If you’d like to train teachers, start small by offering short workshops on a topic you’ve explored in depth. You don’t need to know it all; you do need to know something of value and how to convey it. Follow the advice from chapter 10 on developing a workshop. After running several shorter versions of a workshop, you’ll be confident and clear on how you can expand it into a full weekend or weeklong training. If you are in the Yoga Alliance network, register as an E-RYT as soon as you can (after one thousand teaching hours and two calendar years past your graduation). This means that other RYTs can count study with you, in workshops or in regular classes, toward their continuing education hours. You can also pay $20 per year to register as a continuing education provider (YACEP), then list your course in the Yoga Alliance’s continuing education directory.
In time, you might become involved in a full-featured yoga teacher training. Teacher trainings are a major undertaking. It helps to work inside someone else’s to see what parts you would like to handle yourself and where you need support. This might even be enough to convince you that teaching in a training is better than constructing one wholesale. If you do choose to create your own, first make sure you are not stepping on any toes locally, especially if you have been teaching inside another program. Your program should be distinct enough that you won’t be siphoning off students from a training that has employed you to your mutual benefit. This is good both from a relationship management perspective and for your marketing plan. If you get the all clear, you’ll next need to decide whether to affiliate with the Yoga Alliance. If you do, you will design a curriculum that meets their current requirements, detail it on an application, and seek their approval. This may take several rounds of back-and-forth over many months, so do not advertise a start date for your program until it has been cleared.

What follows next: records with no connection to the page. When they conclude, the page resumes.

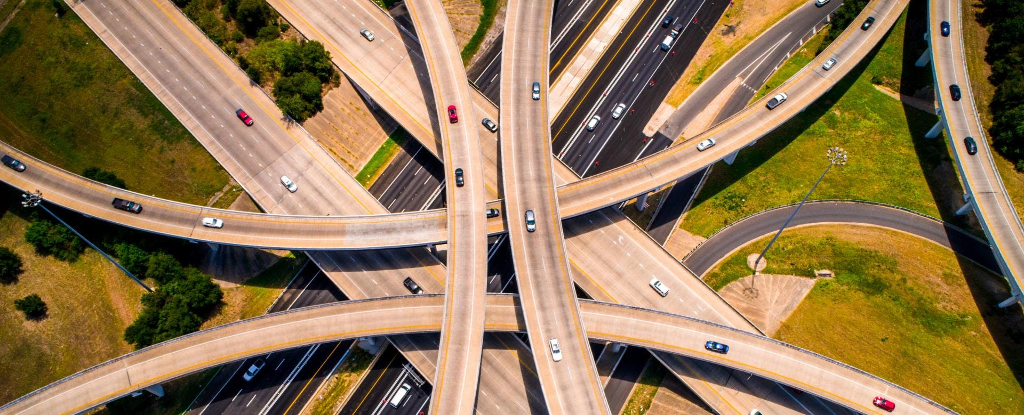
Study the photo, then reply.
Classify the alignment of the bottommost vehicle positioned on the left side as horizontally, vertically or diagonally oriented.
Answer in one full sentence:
In this picture, the bottommost vehicle positioned on the left side lies diagonally.
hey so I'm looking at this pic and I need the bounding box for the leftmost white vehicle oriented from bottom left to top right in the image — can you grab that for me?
[390,383,411,408]
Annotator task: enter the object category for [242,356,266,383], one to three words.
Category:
truck
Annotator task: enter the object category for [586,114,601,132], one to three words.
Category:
car
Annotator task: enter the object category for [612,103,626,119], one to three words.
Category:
car
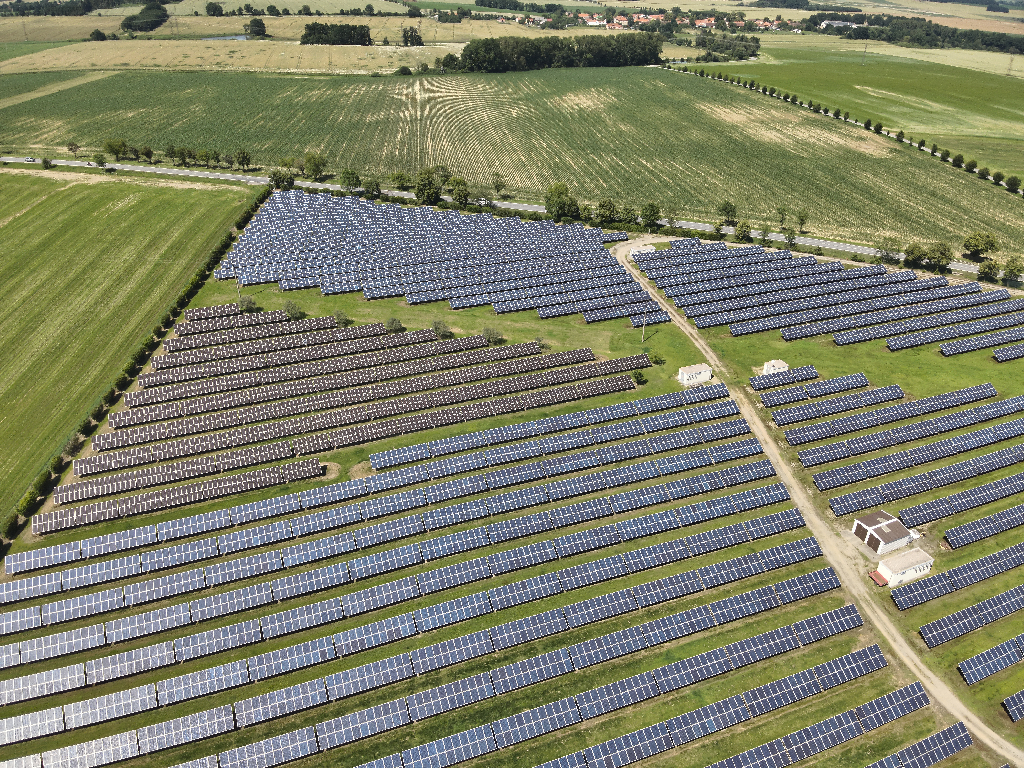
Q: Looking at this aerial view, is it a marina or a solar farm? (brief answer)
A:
solar farm
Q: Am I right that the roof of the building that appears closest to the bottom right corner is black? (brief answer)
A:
No
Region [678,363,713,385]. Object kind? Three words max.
building
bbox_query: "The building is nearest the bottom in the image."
[876,546,937,588]
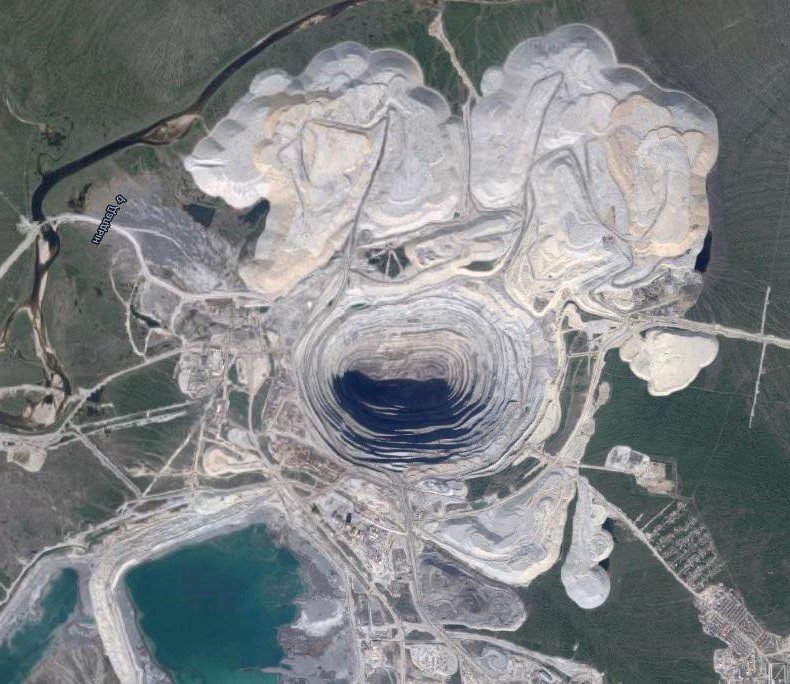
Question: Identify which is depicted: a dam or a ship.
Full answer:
I can see a dam in this picture.
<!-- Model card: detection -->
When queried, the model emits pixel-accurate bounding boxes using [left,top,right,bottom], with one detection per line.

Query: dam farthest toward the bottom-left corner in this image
[0,552,87,628]
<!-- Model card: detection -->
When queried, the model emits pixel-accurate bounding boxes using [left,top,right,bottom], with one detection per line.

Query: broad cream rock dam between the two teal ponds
[89,485,272,684]
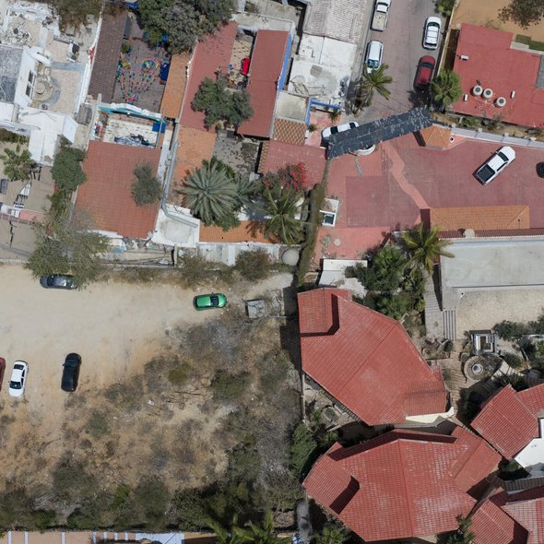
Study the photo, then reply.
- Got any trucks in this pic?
Yes
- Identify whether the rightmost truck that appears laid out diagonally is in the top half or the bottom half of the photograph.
top
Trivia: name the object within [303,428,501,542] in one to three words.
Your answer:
house
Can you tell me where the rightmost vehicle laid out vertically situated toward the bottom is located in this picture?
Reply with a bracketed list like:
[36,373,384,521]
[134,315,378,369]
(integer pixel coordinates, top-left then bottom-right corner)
[62,354,82,392]
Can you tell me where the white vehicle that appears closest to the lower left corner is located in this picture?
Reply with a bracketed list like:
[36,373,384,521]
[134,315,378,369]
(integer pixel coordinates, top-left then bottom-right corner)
[8,361,30,396]
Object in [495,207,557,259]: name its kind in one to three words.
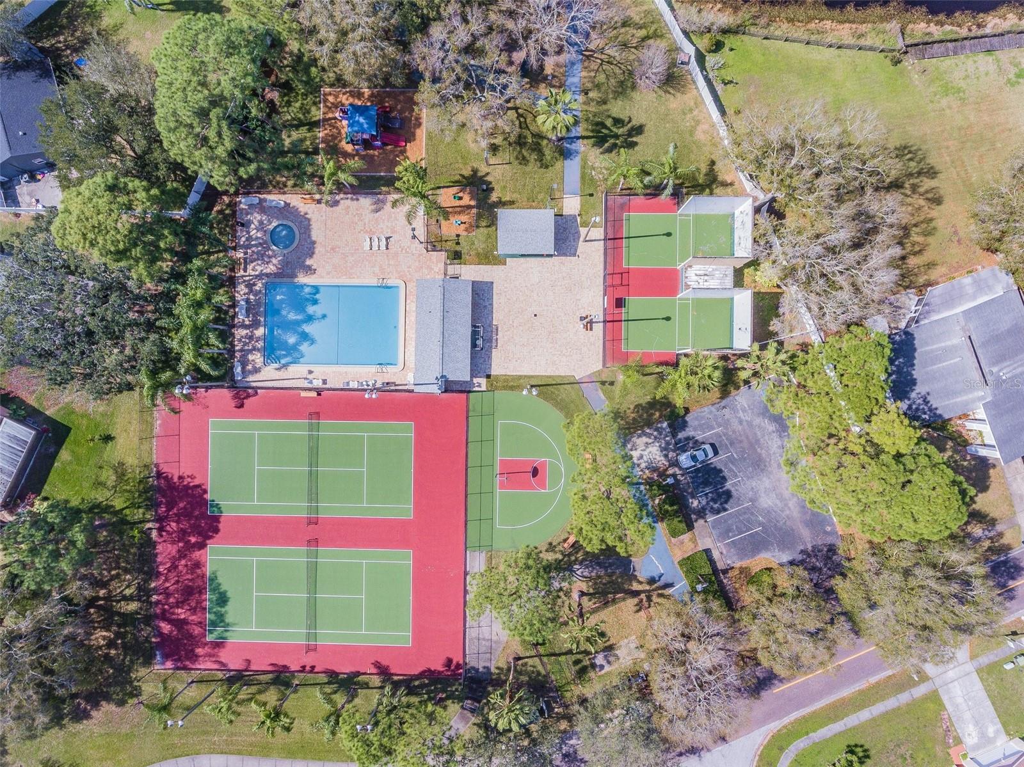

Whether or not you affiliate your training with the Yoga Alliance, look at their standards and application. This will help you develop policies that will keep you and your trainees clear and safe, including whether, when, and how to give refunds. As you enroll your trainees, be clear on what you want from them. Do you want them to have a particular background? A certain amount of experience as a student? Will you require references? Clear communication with prospective students about the demands of the program, your expectations, and what they can expect as next steps after training will save heartache down the road. Revisit the advice in chapter 2 for those choosing a yoga teacher training, but now envision yourself on the other end of the equation as the trainer, not the trainee. What matters most? How can you attract and enroll those who will ensure the best learning environment for all?
The first round of teacher training will likely be the hardest, as everything will be new to you. Slot in extra care for yourself during YTT weekends or weeks, and make notes after each session about what went well, what didn’t, and how you want things to go next time.
When you offer a teacher training, I hope you’ll use this book as a manual. It contains everything I tell my teacher trainees, everything I have learned throughout my career, and everything I, as a studio owner, wish teachers knew about how to treat themselves, their clients, their employers, and each other. The more professional each of us strives to be, the healthier the field of teaching yoga and mindful movement will grow. And the healthier the field is, the more people will benefit, teachers and students alike. Thank you for reading, and namaste.